Supplied entries ->
--------------------------------

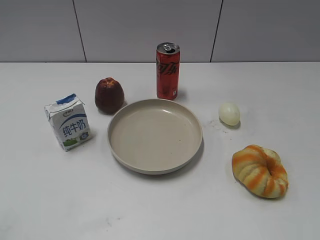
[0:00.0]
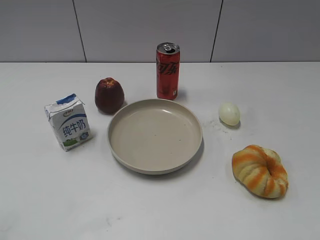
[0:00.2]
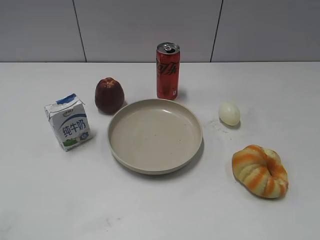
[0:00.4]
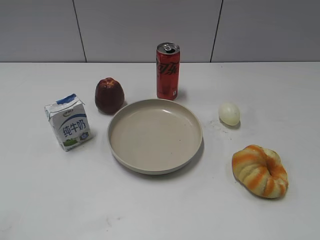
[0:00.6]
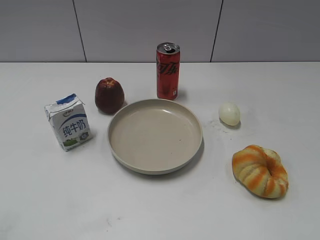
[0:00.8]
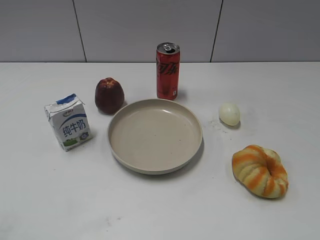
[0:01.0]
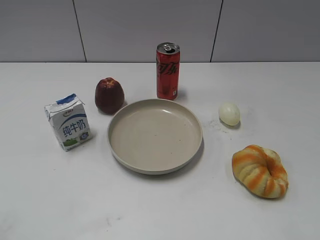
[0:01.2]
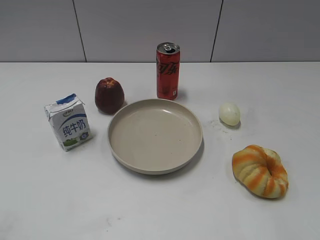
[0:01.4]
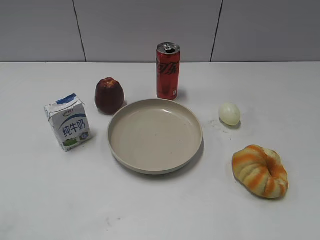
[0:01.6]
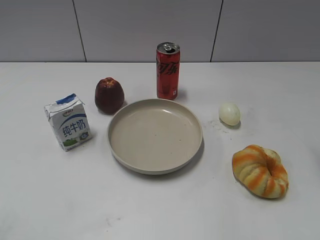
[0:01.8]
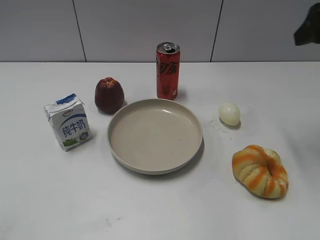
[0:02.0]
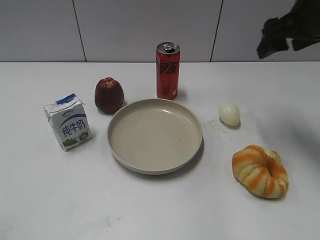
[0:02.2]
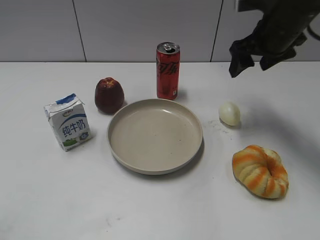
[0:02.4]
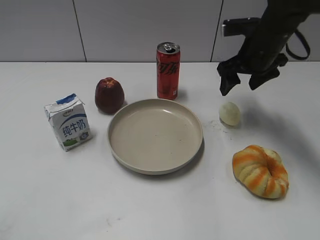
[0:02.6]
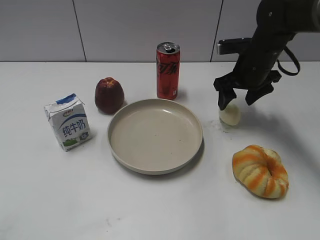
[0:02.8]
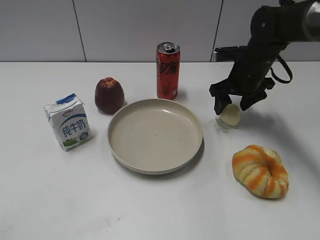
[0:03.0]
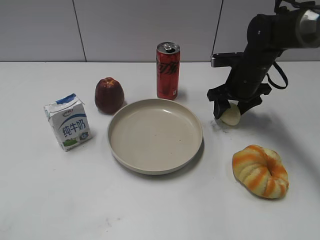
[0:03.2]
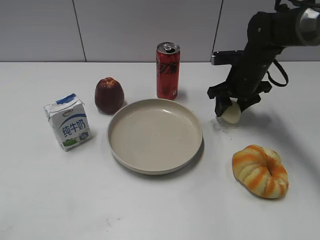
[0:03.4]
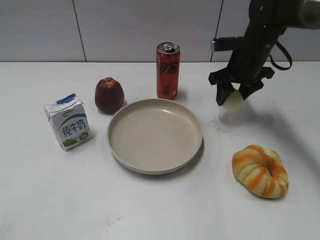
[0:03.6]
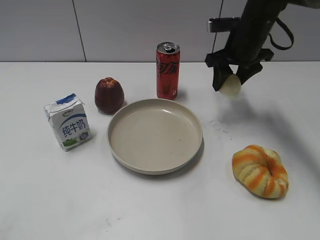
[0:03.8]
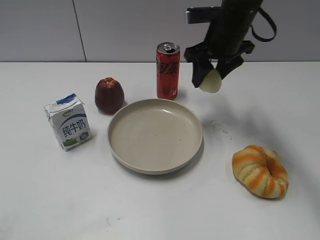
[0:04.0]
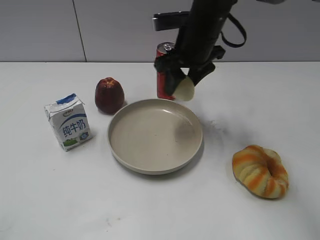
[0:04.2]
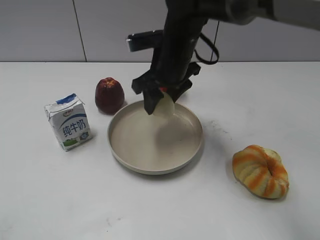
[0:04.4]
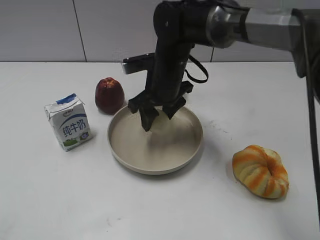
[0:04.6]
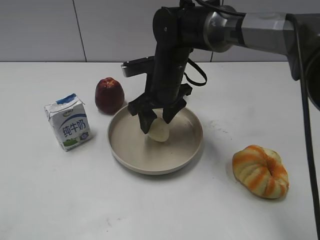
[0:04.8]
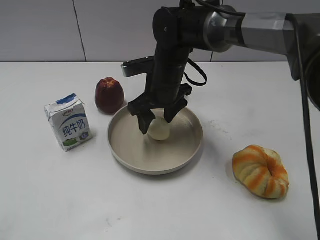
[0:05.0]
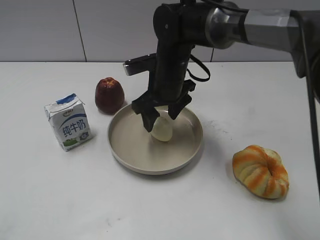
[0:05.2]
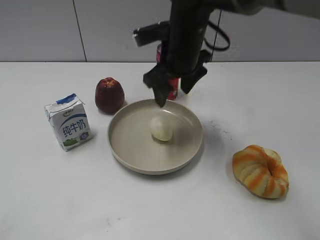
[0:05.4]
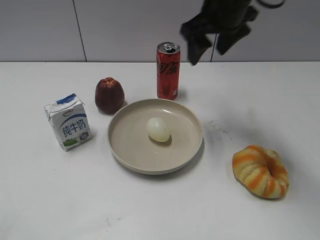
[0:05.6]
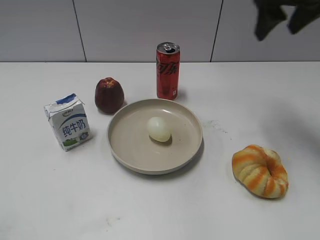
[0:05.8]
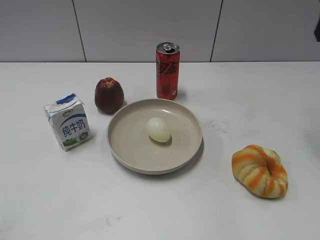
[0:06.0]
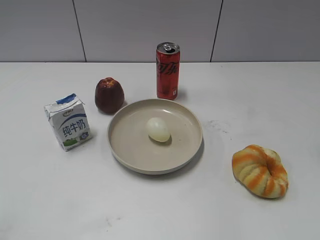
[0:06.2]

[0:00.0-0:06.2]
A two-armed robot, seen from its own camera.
Step, 0:01.0 to 0:03.2: Grasp the egg with right gripper.
Step, 0:03.4 to 0:05.2: Place the egg on the plate with right gripper.
0:01.6 to 0:03.2: The right gripper moves forward, downward and to the left, about 35 cm, and closes.
0:03.2 to 0:04.6: The right gripper shifts some 15 cm to the left.
0:04.6 to 0:06.2: The right gripper goes approximately 35 cm to the right and upward, and opens.

--------------------------------

Exercise -> Produce the entries above once more, exactly as given, with each picture left out.

Response for this exercise ->
[0:00.0]
[0:00.2]
[0:00.4]
[0:00.6]
[0:00.8]
[0:01.0]
[0:01.2]
[0:01.4]
[0:01.6]
[0:01.8]
[0:02.0]
[0:02.2]
[0:02.4]
[0:02.6]
[0:02.8]
[0:03.0]
[0:03.2]
[0:03.4]
[0:03.6]
[0:03.8]
[0:04.0]
[0:04.2]
[0:04.4]
[0:04.6]
[0:04.8]
[0:05.0]
[0:05.2]
[0:05.4]
[0:05.6]
[0:05.8]
[0:06.0]
[0:06.2]

[0:00.0-0:06.2]
A two-armed robot, seen from its own camera.
Step, 0:01.0 to 0:03.2: Grasp the egg with right gripper.
Step, 0:03.4 to 0:05.2: Place the egg on the plate with right gripper.
0:01.6 to 0:03.2: The right gripper moves forward, downward and to the left, about 35 cm, and closes.
0:03.2 to 0:04.6: The right gripper shifts some 15 cm to the left.
0:04.6 to 0:06.2: The right gripper goes approximately 35 cm to the right and upward, and opens.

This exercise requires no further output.